Source records:
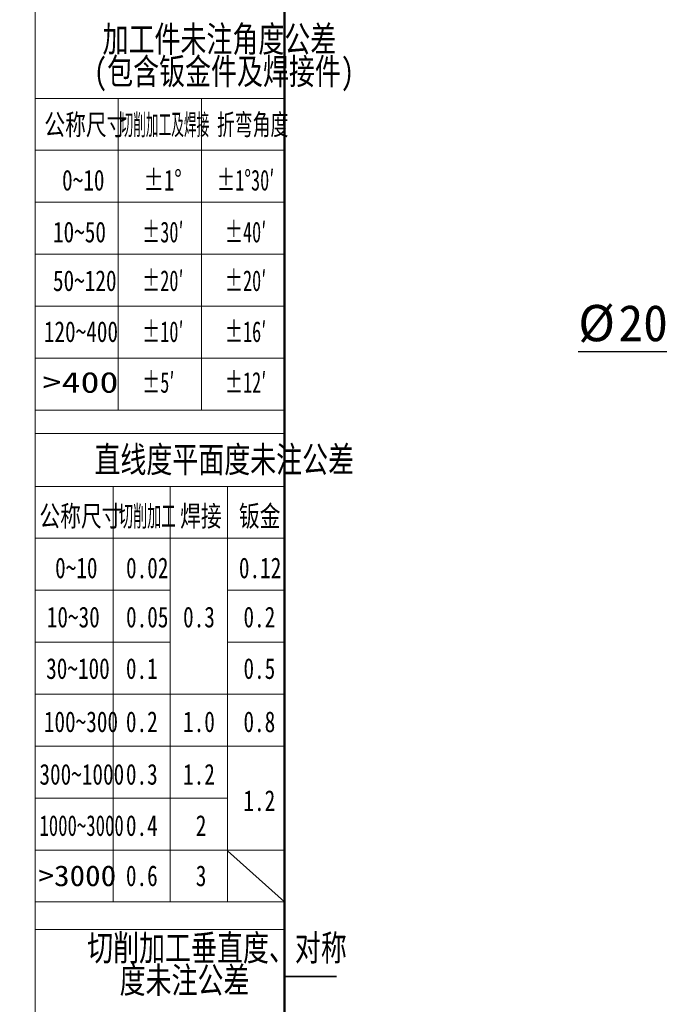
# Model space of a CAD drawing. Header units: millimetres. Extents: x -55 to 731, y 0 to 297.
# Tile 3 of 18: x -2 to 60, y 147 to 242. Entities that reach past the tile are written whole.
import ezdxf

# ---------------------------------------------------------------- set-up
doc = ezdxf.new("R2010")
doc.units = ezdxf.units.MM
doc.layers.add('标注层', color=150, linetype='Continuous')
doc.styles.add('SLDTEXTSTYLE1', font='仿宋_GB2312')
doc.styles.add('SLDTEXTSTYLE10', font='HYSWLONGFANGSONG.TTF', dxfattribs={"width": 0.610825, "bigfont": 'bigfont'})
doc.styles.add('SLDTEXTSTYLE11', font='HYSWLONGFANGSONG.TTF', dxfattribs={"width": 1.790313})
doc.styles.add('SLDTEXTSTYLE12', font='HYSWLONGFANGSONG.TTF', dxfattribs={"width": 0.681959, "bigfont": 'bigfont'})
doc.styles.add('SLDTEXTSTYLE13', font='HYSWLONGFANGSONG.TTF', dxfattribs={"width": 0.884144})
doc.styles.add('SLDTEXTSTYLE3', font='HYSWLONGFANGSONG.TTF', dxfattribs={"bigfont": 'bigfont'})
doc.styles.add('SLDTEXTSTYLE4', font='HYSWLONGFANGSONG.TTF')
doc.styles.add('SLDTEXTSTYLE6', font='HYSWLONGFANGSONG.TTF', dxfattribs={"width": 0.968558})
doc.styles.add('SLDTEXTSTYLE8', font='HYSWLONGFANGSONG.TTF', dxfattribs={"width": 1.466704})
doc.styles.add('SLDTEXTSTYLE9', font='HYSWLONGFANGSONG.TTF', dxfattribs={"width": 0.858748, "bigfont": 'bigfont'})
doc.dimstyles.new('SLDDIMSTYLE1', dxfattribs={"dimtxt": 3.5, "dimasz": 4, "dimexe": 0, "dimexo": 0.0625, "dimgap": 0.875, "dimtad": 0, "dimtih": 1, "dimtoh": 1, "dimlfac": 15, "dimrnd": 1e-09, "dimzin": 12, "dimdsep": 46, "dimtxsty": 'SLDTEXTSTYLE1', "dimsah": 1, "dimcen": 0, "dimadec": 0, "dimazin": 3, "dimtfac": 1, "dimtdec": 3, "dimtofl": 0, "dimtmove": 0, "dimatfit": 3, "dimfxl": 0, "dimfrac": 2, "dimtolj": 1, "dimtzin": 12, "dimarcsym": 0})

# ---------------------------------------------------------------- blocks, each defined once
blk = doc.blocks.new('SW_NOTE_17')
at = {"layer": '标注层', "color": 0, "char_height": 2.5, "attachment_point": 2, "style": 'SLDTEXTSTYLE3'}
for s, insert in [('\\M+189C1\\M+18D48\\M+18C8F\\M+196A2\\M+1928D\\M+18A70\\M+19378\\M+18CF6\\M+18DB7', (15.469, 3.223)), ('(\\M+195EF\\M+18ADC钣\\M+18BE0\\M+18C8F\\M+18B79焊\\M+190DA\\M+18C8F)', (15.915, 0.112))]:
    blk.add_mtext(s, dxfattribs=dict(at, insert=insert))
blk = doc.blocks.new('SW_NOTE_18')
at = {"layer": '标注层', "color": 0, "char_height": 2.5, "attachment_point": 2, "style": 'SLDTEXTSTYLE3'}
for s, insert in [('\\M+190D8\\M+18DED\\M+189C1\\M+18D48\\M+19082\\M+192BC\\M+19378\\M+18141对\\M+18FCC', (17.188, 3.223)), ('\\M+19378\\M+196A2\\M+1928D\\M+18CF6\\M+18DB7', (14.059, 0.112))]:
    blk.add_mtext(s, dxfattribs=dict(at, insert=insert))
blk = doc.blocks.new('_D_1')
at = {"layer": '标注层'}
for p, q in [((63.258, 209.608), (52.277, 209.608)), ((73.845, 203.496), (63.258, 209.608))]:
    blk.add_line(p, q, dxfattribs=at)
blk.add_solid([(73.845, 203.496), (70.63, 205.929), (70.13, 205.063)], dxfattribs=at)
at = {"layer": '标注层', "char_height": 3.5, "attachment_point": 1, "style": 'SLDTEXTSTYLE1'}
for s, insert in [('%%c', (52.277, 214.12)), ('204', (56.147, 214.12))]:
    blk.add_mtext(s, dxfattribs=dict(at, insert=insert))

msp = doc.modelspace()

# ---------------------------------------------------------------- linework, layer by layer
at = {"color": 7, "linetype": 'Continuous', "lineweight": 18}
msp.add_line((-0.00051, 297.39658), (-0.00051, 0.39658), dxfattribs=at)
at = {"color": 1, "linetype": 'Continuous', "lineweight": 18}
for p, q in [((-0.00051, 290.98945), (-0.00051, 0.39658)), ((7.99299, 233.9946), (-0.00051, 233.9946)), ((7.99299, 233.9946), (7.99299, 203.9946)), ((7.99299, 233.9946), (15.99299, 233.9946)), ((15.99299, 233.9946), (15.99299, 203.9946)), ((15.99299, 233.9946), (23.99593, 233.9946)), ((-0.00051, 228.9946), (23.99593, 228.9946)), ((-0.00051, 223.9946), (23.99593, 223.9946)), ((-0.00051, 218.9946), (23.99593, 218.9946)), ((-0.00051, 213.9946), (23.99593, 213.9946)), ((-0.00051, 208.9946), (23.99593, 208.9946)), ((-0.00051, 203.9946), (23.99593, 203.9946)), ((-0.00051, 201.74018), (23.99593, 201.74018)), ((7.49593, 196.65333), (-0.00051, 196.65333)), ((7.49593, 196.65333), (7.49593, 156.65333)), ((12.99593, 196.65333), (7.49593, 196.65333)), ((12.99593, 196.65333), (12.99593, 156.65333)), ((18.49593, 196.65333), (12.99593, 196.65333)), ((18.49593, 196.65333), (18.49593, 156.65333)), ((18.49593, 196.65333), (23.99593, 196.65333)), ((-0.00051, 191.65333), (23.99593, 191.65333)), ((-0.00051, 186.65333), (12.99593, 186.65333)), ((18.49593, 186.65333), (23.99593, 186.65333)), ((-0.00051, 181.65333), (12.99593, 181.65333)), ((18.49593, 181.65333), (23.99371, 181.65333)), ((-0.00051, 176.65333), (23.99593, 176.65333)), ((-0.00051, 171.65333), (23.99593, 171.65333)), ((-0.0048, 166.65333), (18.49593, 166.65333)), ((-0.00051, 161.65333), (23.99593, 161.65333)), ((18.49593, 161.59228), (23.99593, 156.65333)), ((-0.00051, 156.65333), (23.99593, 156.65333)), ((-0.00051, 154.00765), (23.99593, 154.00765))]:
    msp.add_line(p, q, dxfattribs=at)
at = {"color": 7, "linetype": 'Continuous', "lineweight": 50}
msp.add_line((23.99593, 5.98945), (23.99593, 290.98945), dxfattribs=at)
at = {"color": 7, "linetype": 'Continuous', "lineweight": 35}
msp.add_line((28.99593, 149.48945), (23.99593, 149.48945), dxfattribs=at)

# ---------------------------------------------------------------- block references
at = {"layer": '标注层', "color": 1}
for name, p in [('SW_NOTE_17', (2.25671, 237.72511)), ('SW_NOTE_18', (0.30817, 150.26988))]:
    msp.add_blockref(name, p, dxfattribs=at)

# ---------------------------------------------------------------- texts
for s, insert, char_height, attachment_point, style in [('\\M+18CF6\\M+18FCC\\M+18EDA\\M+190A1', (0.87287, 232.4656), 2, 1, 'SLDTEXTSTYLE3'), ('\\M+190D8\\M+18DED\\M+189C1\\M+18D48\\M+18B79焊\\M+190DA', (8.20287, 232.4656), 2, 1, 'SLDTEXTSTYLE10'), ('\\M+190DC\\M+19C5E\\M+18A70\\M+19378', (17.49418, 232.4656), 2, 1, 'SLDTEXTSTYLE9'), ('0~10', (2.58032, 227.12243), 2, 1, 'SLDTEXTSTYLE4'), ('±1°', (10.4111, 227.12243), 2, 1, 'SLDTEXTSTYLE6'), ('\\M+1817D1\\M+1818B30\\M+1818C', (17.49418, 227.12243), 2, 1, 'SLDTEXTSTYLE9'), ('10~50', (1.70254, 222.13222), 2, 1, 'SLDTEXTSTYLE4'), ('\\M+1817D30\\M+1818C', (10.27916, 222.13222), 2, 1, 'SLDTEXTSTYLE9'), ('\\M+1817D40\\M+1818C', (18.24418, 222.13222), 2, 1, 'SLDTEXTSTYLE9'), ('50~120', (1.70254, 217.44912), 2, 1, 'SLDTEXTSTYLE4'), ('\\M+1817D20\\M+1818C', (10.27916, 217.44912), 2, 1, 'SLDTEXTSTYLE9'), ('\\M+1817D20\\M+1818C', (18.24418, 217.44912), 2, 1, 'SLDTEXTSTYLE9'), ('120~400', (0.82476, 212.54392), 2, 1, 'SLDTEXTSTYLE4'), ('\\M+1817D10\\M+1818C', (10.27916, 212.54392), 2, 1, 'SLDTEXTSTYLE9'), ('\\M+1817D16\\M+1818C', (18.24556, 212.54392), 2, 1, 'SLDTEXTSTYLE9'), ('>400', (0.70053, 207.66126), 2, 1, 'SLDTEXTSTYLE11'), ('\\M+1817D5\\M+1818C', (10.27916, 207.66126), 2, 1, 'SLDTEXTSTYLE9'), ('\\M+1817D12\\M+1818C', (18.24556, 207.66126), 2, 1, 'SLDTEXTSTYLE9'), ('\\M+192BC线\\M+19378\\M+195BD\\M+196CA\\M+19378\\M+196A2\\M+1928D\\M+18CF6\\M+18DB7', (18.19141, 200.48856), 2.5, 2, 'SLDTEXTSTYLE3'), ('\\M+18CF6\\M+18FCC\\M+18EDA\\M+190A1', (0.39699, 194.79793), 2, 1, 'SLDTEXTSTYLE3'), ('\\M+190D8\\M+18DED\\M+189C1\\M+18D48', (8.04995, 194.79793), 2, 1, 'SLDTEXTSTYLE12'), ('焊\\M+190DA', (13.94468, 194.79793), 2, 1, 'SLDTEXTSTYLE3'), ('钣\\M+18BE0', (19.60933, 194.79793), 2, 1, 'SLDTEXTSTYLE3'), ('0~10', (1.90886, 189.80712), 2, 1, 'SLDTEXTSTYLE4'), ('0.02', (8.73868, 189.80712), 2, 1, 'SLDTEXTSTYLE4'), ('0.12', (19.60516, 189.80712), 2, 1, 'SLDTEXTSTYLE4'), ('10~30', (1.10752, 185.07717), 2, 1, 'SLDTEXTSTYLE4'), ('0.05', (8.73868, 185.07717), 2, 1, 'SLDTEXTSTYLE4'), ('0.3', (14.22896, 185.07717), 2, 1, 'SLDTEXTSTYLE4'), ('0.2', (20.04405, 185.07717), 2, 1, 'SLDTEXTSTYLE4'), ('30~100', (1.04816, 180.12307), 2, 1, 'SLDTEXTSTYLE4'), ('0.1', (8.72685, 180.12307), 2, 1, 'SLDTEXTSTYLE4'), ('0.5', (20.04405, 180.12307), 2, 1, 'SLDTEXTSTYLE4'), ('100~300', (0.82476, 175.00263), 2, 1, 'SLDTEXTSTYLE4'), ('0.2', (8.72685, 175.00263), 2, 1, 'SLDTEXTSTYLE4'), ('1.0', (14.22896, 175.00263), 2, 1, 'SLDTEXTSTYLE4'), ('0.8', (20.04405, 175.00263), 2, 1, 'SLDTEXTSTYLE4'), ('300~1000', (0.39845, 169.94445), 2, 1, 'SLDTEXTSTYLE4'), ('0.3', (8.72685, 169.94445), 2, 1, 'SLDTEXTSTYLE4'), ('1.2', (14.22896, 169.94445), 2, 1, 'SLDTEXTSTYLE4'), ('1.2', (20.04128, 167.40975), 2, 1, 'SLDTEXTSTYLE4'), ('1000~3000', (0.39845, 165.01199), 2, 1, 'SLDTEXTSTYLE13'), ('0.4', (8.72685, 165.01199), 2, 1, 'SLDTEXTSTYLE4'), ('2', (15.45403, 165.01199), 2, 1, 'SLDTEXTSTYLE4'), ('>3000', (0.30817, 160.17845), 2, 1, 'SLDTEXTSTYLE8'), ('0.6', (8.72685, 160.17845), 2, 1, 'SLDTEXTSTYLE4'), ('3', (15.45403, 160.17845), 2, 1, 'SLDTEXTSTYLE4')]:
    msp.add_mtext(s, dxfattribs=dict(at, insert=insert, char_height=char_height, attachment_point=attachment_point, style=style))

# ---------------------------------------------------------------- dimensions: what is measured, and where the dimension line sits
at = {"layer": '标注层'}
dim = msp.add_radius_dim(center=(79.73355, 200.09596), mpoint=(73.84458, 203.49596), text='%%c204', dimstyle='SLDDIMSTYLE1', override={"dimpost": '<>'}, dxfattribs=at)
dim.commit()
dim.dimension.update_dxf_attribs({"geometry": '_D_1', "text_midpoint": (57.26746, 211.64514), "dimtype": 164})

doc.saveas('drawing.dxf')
--
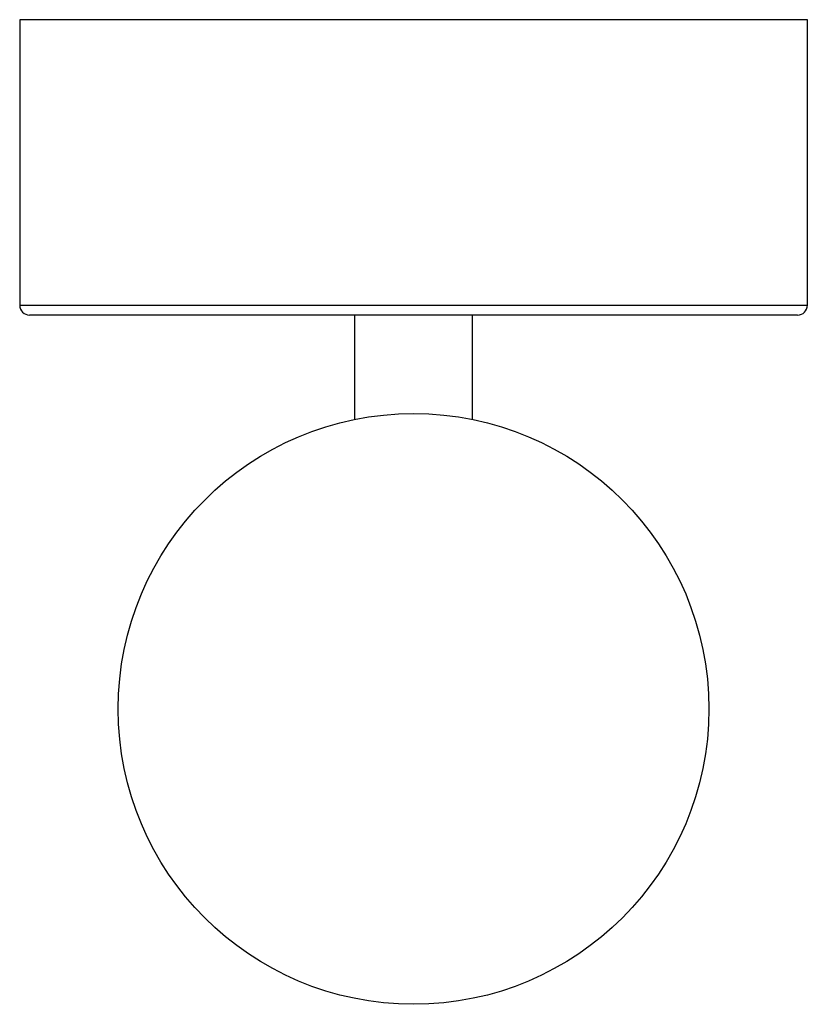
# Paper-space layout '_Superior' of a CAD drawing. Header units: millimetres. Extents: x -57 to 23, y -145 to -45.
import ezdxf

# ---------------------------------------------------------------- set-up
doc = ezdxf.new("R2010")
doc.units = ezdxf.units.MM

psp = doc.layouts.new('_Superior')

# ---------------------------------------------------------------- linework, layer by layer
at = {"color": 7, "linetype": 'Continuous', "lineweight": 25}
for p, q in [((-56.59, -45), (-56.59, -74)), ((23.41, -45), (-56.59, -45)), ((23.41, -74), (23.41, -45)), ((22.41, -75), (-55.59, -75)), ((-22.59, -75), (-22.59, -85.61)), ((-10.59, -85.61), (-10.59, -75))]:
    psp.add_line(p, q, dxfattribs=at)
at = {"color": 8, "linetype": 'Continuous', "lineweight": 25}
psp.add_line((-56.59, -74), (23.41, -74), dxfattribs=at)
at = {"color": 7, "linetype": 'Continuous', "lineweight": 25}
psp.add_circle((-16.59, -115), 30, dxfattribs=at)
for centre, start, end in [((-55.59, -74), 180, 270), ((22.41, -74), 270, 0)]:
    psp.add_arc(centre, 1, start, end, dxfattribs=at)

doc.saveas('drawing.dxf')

* Your assignment *
The answer must consist of every line from the entries that holds the string "linetype".

* Your solution *
doc.layers.add('标注层', color=150, linetype='Continuous')
at = {"color": 7, "linetype": 'Continuous', "lineweight": 18}
at = {"color": 1, "linetype": 'Continuous', "lineweight": 18}
at = {"color": 7, "linetype": 'Continuous', "lineweight": 50}
at = {"color": 7, "linetype": 'Continuous', "lineweight": 35}
at = {"color": 7, "linetype": 'Continuous', "lineweight": 25}
at = {"color": 8, "linetype": 'Continuous', "lineweight": 25}
at = {"color": 7, "linetype": 'Continuous', "lineweight": 25}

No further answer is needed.